Missing/Errant GTIDs in Multi-Master Galera Cluster

Hi all, looking for some advice to the following problem.

I have 4 PXC nodes with 3 masters (Galera cluster) and a slave node. I’ve been doing research into why the slave is unable to switch between masters and this is due to differing GTID_EXECUTED values across all three masters. A lot of posts and blogs about this specifically deal with a slave not having the missing transactions rather than there being an inconsistency with the masters.

// Master 1
mysql> SHOW GLOBAL VARIABLES LIKE 'gtid_executed';
gtid_executed | 039c8dc4-5cda-ee18-77f0-78972002092e:1-1057812217,
43a41fb7-a283-11e9-ba9a-245ebe295fb1:1-6,
9ca3401d-a332-11e7-8170-00155de15408:1-2,
c47112cb-abf7-11ea-a6df-245ebe295fb1:1-11
// Master 2
mysql> SHOW GLOBAL VARIABLES LIKE 'gtid_executed';
039c8dc4-5cda-ee18-77f0-78972002092e:1-1057812127,
9ca3401d-a332-11e7-8170-00155de15408:1-2,
d11311e3-9fda-11e8-bb79-245ebe2912cd:1-3
// Master 3
mysql> SHOW GLOBAL VARIABLES LIKE 'gtid_executed';
gtid_executed | 039c8dc4-5cda-ee18-77f0-78972002092e:1-1057812127,
43a41fb7-a283-11e9-ba9a-245ebe295fb1:1-6,
9ca3401d-a332-11e7-8170-00155de15408:1-2,
c47112cb-abf7-11ea-a6df-245ebe295fb1:1-3,
d31ef178-704d-11eb-9f55-002590c9381e:1-2

So question 1, is how is this possible? I’ve been trying to replicate the problem using a similar 3-node cluster that I’ve setup in some virtual machines before actioning anything in production.

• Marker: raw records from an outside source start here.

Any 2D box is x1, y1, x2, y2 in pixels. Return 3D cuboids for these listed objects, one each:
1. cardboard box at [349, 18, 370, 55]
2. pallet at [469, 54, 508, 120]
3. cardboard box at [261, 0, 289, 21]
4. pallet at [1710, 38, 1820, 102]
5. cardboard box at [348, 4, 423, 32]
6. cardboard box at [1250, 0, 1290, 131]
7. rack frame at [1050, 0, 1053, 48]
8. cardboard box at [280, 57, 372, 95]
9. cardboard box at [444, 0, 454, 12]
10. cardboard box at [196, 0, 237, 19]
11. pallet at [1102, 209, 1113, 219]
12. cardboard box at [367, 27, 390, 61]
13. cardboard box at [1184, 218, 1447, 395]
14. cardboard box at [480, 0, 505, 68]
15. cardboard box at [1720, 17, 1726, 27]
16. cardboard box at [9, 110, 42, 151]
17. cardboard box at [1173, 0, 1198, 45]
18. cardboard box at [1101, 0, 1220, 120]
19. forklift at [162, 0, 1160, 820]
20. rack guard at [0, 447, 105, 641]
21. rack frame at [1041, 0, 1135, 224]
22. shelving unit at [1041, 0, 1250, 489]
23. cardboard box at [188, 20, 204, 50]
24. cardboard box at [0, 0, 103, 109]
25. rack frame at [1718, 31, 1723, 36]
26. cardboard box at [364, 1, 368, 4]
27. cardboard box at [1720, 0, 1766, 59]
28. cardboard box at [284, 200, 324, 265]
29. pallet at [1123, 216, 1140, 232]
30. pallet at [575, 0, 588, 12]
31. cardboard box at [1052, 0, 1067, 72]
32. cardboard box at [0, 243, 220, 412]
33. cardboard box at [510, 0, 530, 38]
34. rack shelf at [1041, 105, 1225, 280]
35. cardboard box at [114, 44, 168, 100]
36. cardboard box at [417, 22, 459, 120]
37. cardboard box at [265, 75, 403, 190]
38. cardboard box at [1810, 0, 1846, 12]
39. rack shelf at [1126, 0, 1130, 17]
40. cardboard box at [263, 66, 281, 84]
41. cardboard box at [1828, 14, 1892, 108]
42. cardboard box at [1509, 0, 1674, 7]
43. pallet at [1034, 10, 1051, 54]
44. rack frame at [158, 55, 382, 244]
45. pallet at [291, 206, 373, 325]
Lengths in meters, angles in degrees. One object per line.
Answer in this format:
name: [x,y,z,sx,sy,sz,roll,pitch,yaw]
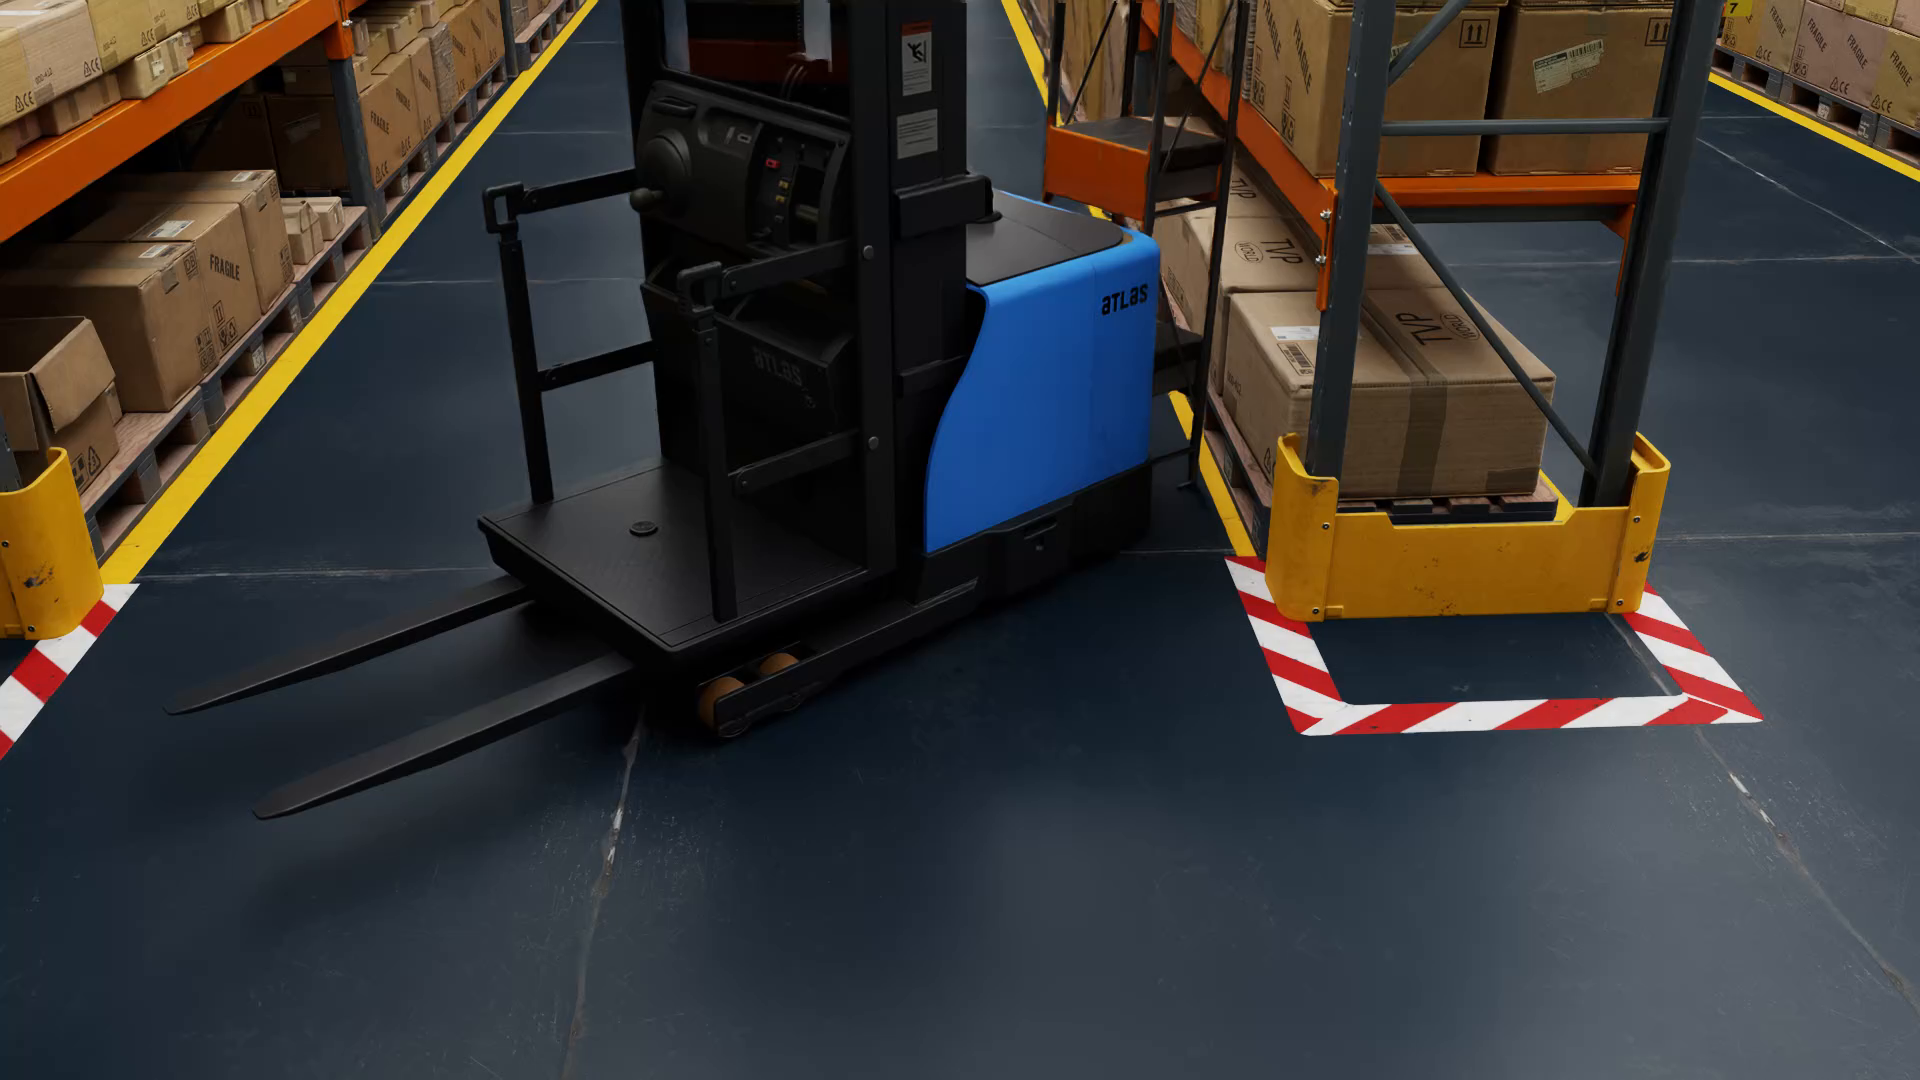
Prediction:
cardboard box: [-3.383,-2.688,8.886,0.380,0.149,0.250,-3,28,-5]
pallet: [-3.777,-3.165,11.590,1.003,0.211,1.213,-1,28,-3]
cardboard box: [-3.227,-2.408,7.395,0.380,0.149,0.250,-1,28,-1]
pallet: [6.156,-3.437,12.112,1.003,0.211,1.213,-1,28,-3]
cardboard box: [-3.496,-3.163,10.118,0.380,0.149,0.250,-1,28,-2]
cardboard box: [1.296,-1.667,5.594,0.500,0.500,0.500,-2,28,-4]
rack frame: [1.179,-4.868,11.841,1.000,3.000,0.127,-1,28,-3]
cardboard box: [-3.322,-2.437,8.727,0.380,0.149,0.250,0,28,0]
cardboard box: [-3.516,-3.519,10.802,0.380,0.149,0.250,-1,28,-1]
cardboard box: [-3.245,-2.274,6.707,0.500,0.250,0.500,-2,28,-3]
pallet: [1.272,-2.139,9.623,1.003,0.211,1.213,-1,28,-3]
cardboard box: [-3.466,-2.808,9.437,0.380,0.149,0.250,-2,28,-4]
cardboard box: [1.406,-0.949,6.642,0.875,0.438,0.875,-1,28,-1]
cardboard box: [-3.541,-3.635,11.724,0.500,0.500,0.500,-1,28,-1]
cardboard box: [6.175,-4.507,13.126,1.050,0.750,0.750,-2,28,-3]
cardboard box: [-3.211,-1.336,5.340,0.380,0.149,0.250,-2,28,-3]
cardboard box: [1.193,-2.380,6.962,0.500,0.500,0.500,-1,28,-2]
cardboard box: [1.275,-2.550,9.238,0.875,0.875,0.875,-1,28,-1]
forklift: [-0.778,-1.016,4.529,3.031,2.935,1.130,-23,35,-36]
rack guard: [-3.364,0.021,5.169,1.175,0.500,0.348,-1,28,-3]
rack frame: [0.442,-1.277,5.904,0.400,2.100,0.015,-19,33,-37]
shelving unit: [0.601,-1.192,5.740,0.431,2.100,0.503,-19,33,-37]
cardboard box: [-3.297,-2.047,6.703,0.380,0.149,0.250,-1,28,-2]
cardboard box: [-3.141,-1.567,5.350,0.500,0.250,0.500,-1,28,-2]
rack frame: [6.117,-5.035,12.159,1.000,3.000,0.127,-1,28,-3]
cardboard box: [-4.060,-3.500,10.764,0.380,0.149,0.250,-3,28,-5]
cardboard box: [5.899,-3.780,12.002,0.500,0.500,0.500,-3,28,-5]
cardboard box: [-3.228,-1.458,7.805,0.396,0.266,0.258,0,28,-1]
pallet: [1.349,-1.432,8.267,1.003,0.211,1.213,-1,28,-3]
pallet: [-3.909,-5.018,15.144,1.003,0.211,1.213,-1,28,-3]
cardboard box: [1.132,-3.792,11.619,0.875,0.875,0.875,-2,28,-3]
cardboard box: [-3.303,-0.811,6.310,0.700,0.500,0.500,0,28,-1]
cardboard box: [-3.797,-4.168,12.612,0.875,0.625,0.625,-1,28,-1]
rack shelf: [0.601,-1.179,5.746,0.431,0.518,0.480,-19,33,-37]
cardboard box: [-3.121,-1.696,6.029,0.380,0.149,0.250,-2,28,-4]
cardboard box: [-3.450,-2.922,10.358,0.500,0.500,0.500,-2,28,-4]
cardboard box: [-3.370,-2.206,8.985,0.500,0.500,0.500,0,28,0]
cardboard box: [5.951,-3.658,10.957,0.500,0.250,0.500,-1,28,-2]
rack shelf: [1.283,-3.626,10.236,1.077,0.370,4.000,-1,28,-3]
cardboard box: [-3.895,-2.549,8.942,0.380,0.149,0.250,-1,28,-3]
cardboard box: [5.987,-3.075,10.651,0.500,0.500,0.500,-2,28,-4]
cardboard box: [1.856,-1.890,4.941,0.500,0.500,0.500,-2,28,-4]
pallet: [1.140,-3.993,13.177,1.003,0.211,1.213,-1,28,-3]
rack frame: [-3.569,-2.900,8.066,1.000,3.000,0.127,-1,28,-3]
pallet: [-3.534,-1.346,8.103,1.003,0.211,1.213,-1,28,-3]
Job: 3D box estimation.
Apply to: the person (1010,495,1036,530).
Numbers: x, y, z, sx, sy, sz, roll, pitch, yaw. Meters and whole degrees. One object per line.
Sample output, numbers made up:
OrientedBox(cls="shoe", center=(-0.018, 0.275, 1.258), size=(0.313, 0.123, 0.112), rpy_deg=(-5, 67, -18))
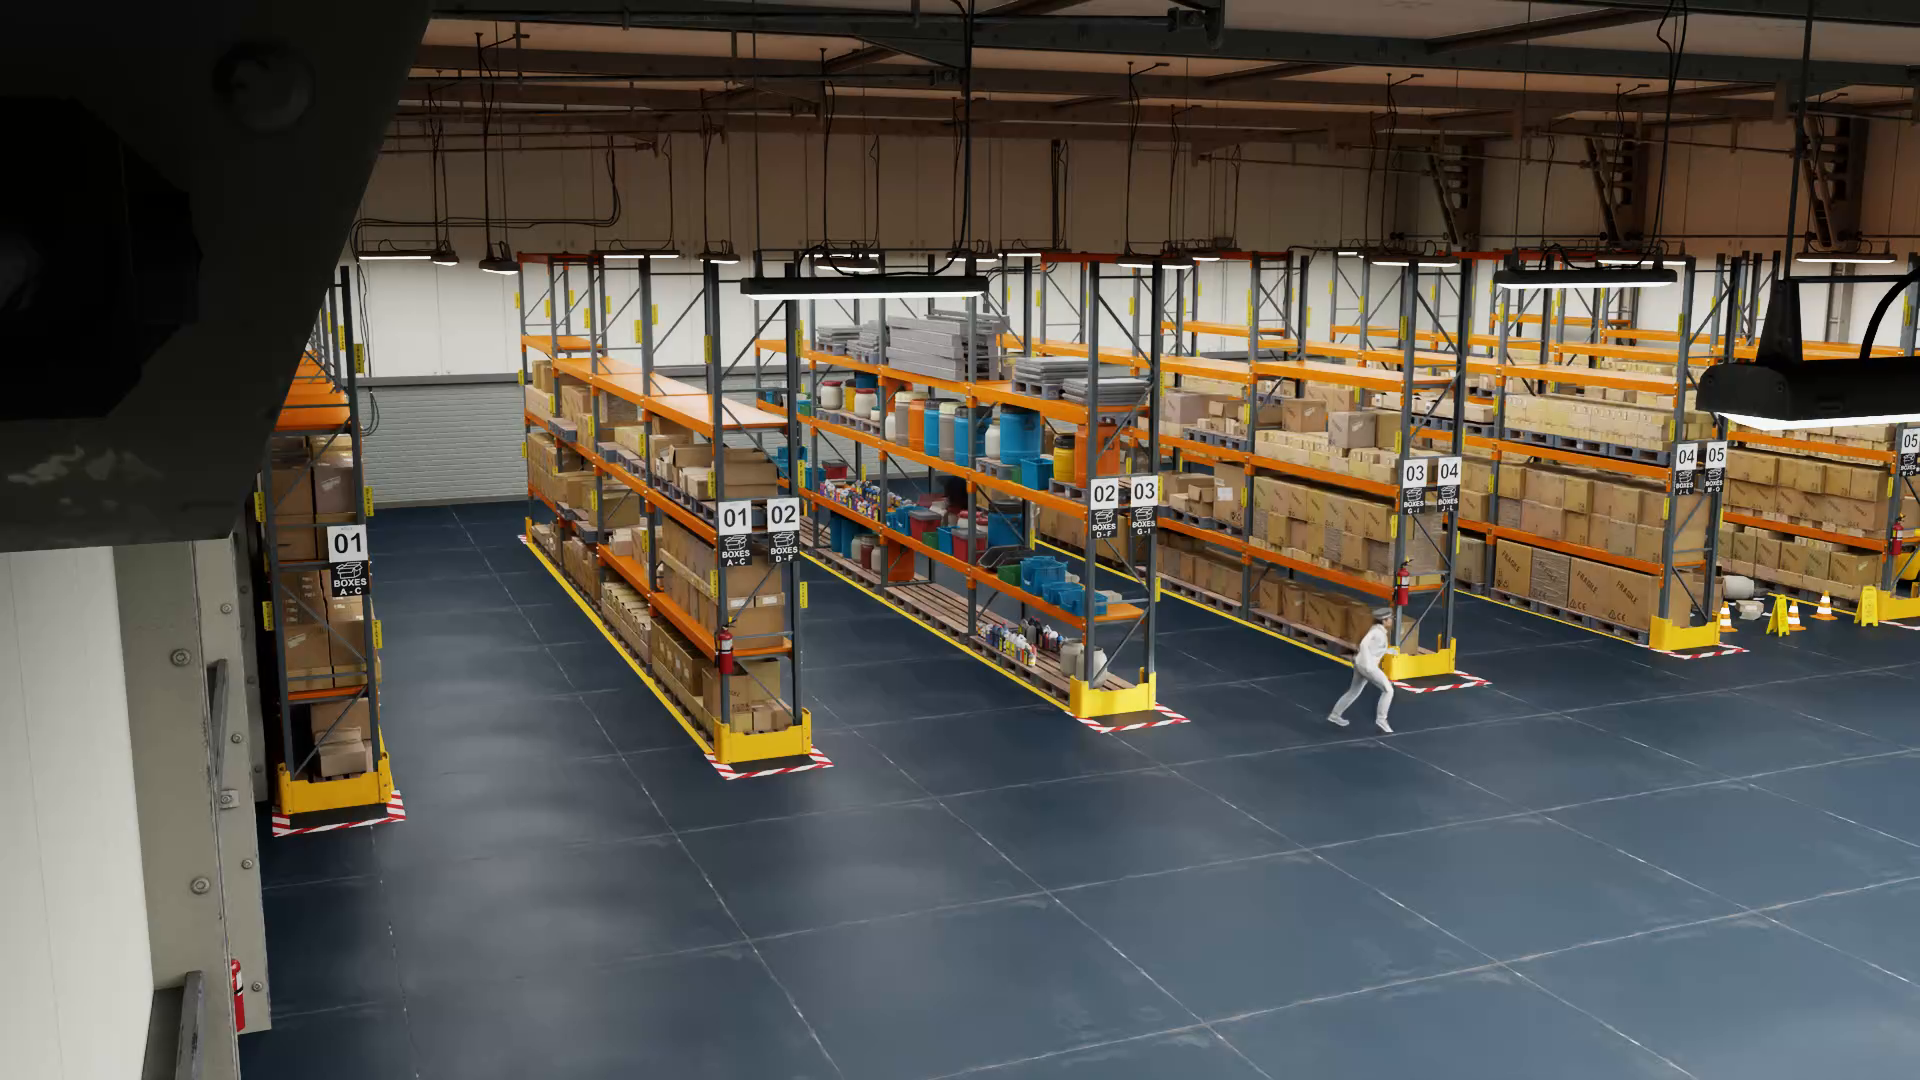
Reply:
OrientedBox(cls="person", center=(1.269, -0.470, 32.768), size=(0.657, 1.638, 0.810), rpy_deg=(-6, 12, -28))

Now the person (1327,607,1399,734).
OrientedBox(cls="person", center=(5.209, 1.677, 21.400), size=(0.877, 1.669, 0.631), rpy_deg=(1, 10, 5))
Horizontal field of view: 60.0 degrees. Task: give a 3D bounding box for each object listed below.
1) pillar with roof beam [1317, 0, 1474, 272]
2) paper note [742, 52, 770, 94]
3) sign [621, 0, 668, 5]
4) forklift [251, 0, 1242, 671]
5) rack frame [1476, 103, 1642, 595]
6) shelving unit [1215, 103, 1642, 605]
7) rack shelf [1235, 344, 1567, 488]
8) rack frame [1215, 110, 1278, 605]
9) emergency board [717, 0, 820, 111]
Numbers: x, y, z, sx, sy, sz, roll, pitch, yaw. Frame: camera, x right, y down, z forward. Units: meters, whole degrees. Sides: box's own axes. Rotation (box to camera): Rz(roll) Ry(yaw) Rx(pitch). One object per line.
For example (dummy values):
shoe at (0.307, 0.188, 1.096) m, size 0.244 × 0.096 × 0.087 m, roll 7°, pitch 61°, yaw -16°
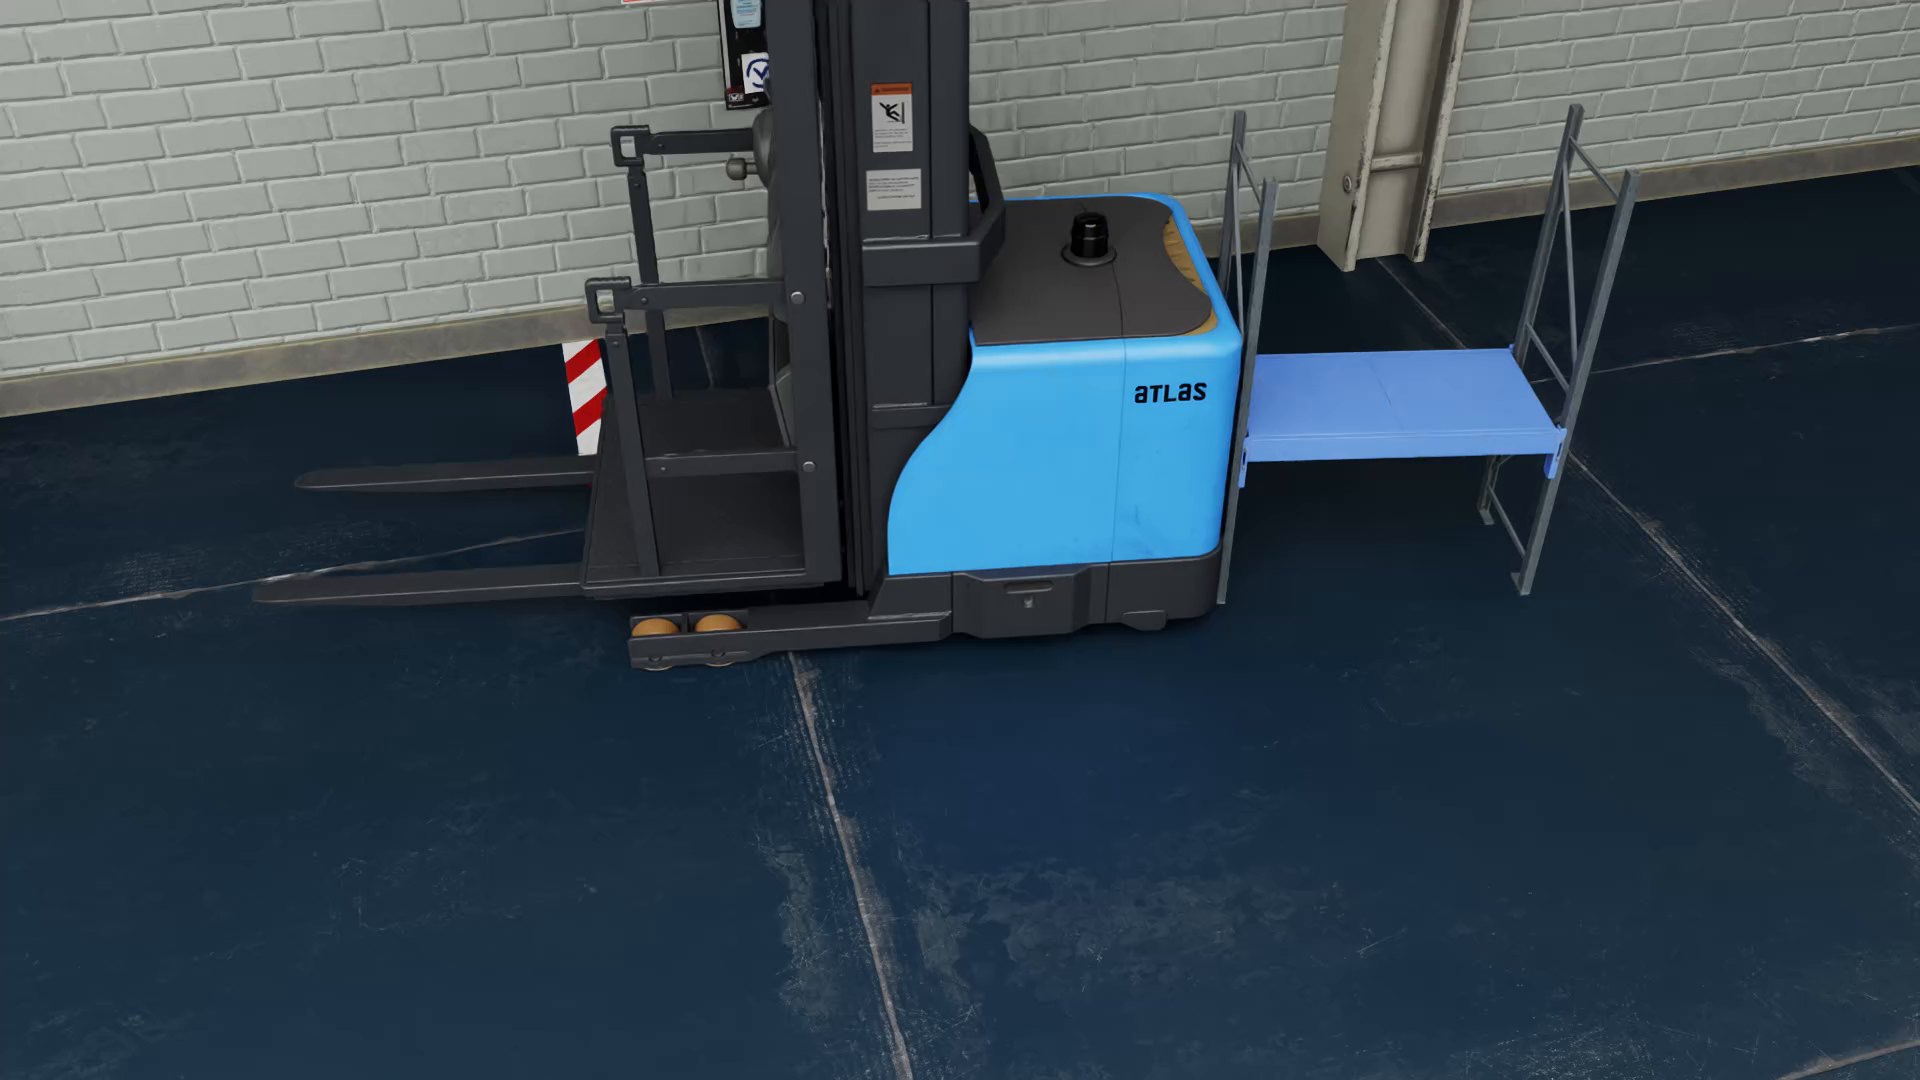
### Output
pillar with roof beam at (2.952, -2.346, 1.410) m, size 0.400 × 9.000 × 9.100 m, roll -9°, pitch 38°, yaw -12°
paper note at (-0.755, -1.782, 6.335) m, size 0.142 × 0.148 × 0.016 m, roll -9°, pitch 38°, yaw -12°
sign at (-1.126, -2.106, 6.005) m, size 0.234 × 0.329 × 0.001 m, roll -9°, pitch 38°, yaw -12°
forklift at (-0.719, -1.092, 4.765) m, size 3.031 × 2.935 × 1.130 m, roll -3°, pitch 38°, yaw -4°
rack frame at (1.860, -0.564, 5.254) m, size 0.032 × 1.500 × 0.500 m, roll -2°, pitch 37°, yaw -2°
shelving unit at (1.353, -0.550, 5.234) m, size 1.048 × 1.500 × 0.538 m, roll -2°, pitch 37°, yaw -2°
rack shelf at (1.353, -0.407, 5.343) m, size 1.000 × 0.185 × 0.538 m, roll -2°, pitch 37°, yaw -2°
rack frame at (0.845, -0.535, 5.214) m, size 0.032 × 1.500 × 0.500 m, roll -2°, pitch 37°, yaw -2°
emergency board at (-0.566, -2.119, 6.051) m, size 0.643 × 1.169 × 0.194 m, roll -9°, pitch 38°, yaw -12°

My expectation is that these errant GTIDs are possibly years old and long since gone. So question 2 is how can I be sure the cluster doesn’t have any data drift? I took a look at pt-table-checksum, but this can’t run with the binlog_format=ROW and I’m not sure if it’s safe to change it (perhaps worth noting that the DB is around 1TB in size).

And finally, question 3 is how to resolve this problem so that all masters are in sync. Obviously I would like to be as sure as possible about the state of the cluster before choosing a node that is considered the single source of truth and restoring the whole cluster from it should this be necessary.